Think of Genelec W371 which is NOT a sub but a bass module x-overed way higher (you can go to 250Hz easy with the scans) destined to give that impactfull midbass that's missing in small speakers or at speakers with subs apart from mains.Generally what a bigger 3-way would do,with similar drivers.

The passive network is a 2-way xover between mid and bass as every traditional 3-way has.You'll find a lot of help doing it either here or diyaudio and you can also play with Vituixcad designing it.
Amps are more that ok,and these scanspeak drivers are really nice.
I am very grateful you suggested this bass bin idea - it is exactly what I want to do now.

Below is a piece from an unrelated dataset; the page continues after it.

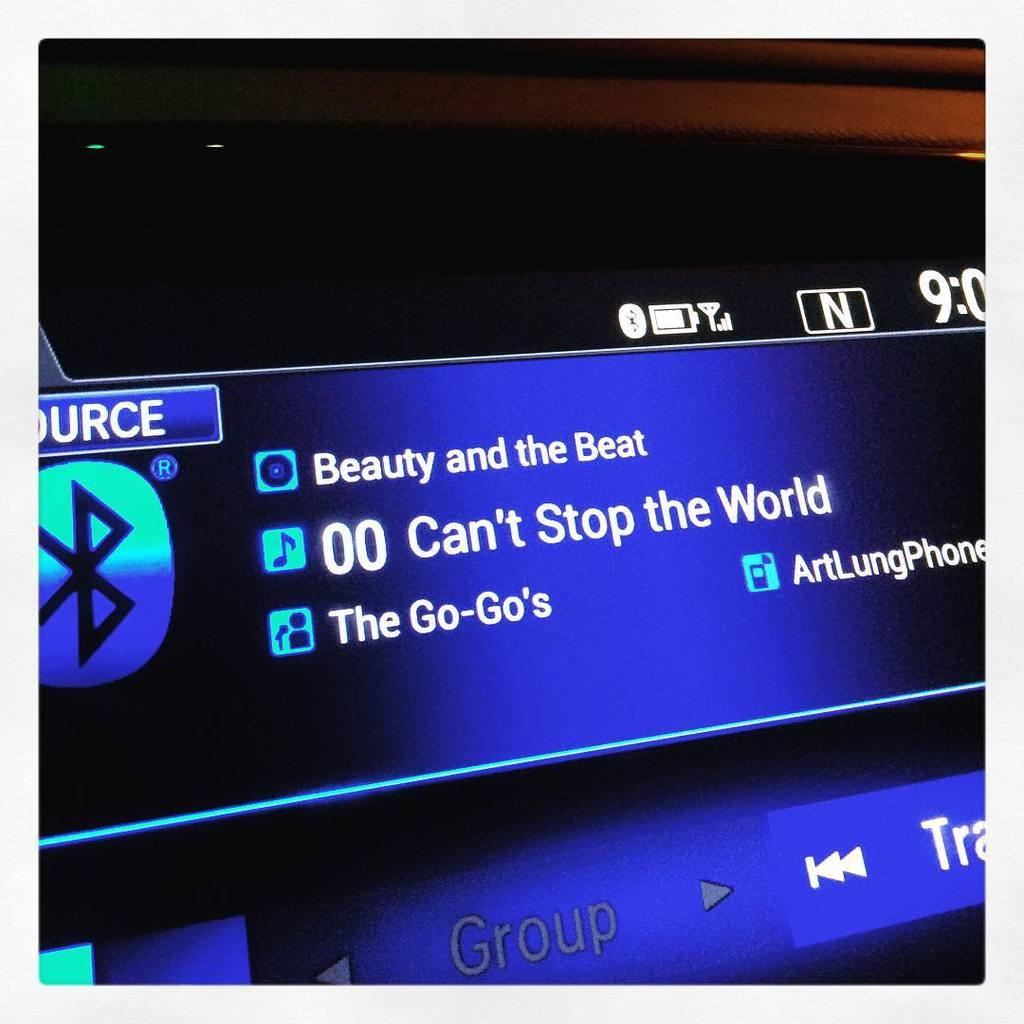<image>
Share a concise interpretation of the image provided. A blue lighted sign has the album from The Go-Go's Beauty and the Beat.

Would you recommend I start a new thread on ASR's DIY section for some specific advice from users?
 
I am very grateful you suggested this bass bin idea - it is exactly what I want to do now.

Would you recommend I start a new thread on ASR's DIY section for some specific advice from users?
More than recommend,along with a similar one on diyaudio.
This scanspeak drivers are highly regarded and I think you'll find a lot of feedback about them.
 
Philharmonic BMR speakers are going to sound quite different owing to their wider dispersion than March Audio speakers, just to think about if you switch to a different type of speaker
 
That was an easy question!

1. If you like the sound of your Sointuva's there is no reason to change them.
2. Subwoofers are ALWAYS better than a speaker that extends down to 20Hz. The reason is that you can position subs where they are most advantageous for the bass, and you position speakers where they are most advantageous for imaging.

However, there are reasons to get a big speaker that extends down low. (1) you don't have space or budget for a sub, and (2) integrating a sub into a system is not easy. It requires measurements, an understanding of room acoustics, and preferably DSP. As Amir says, "subs are for advanced users". I have to agree.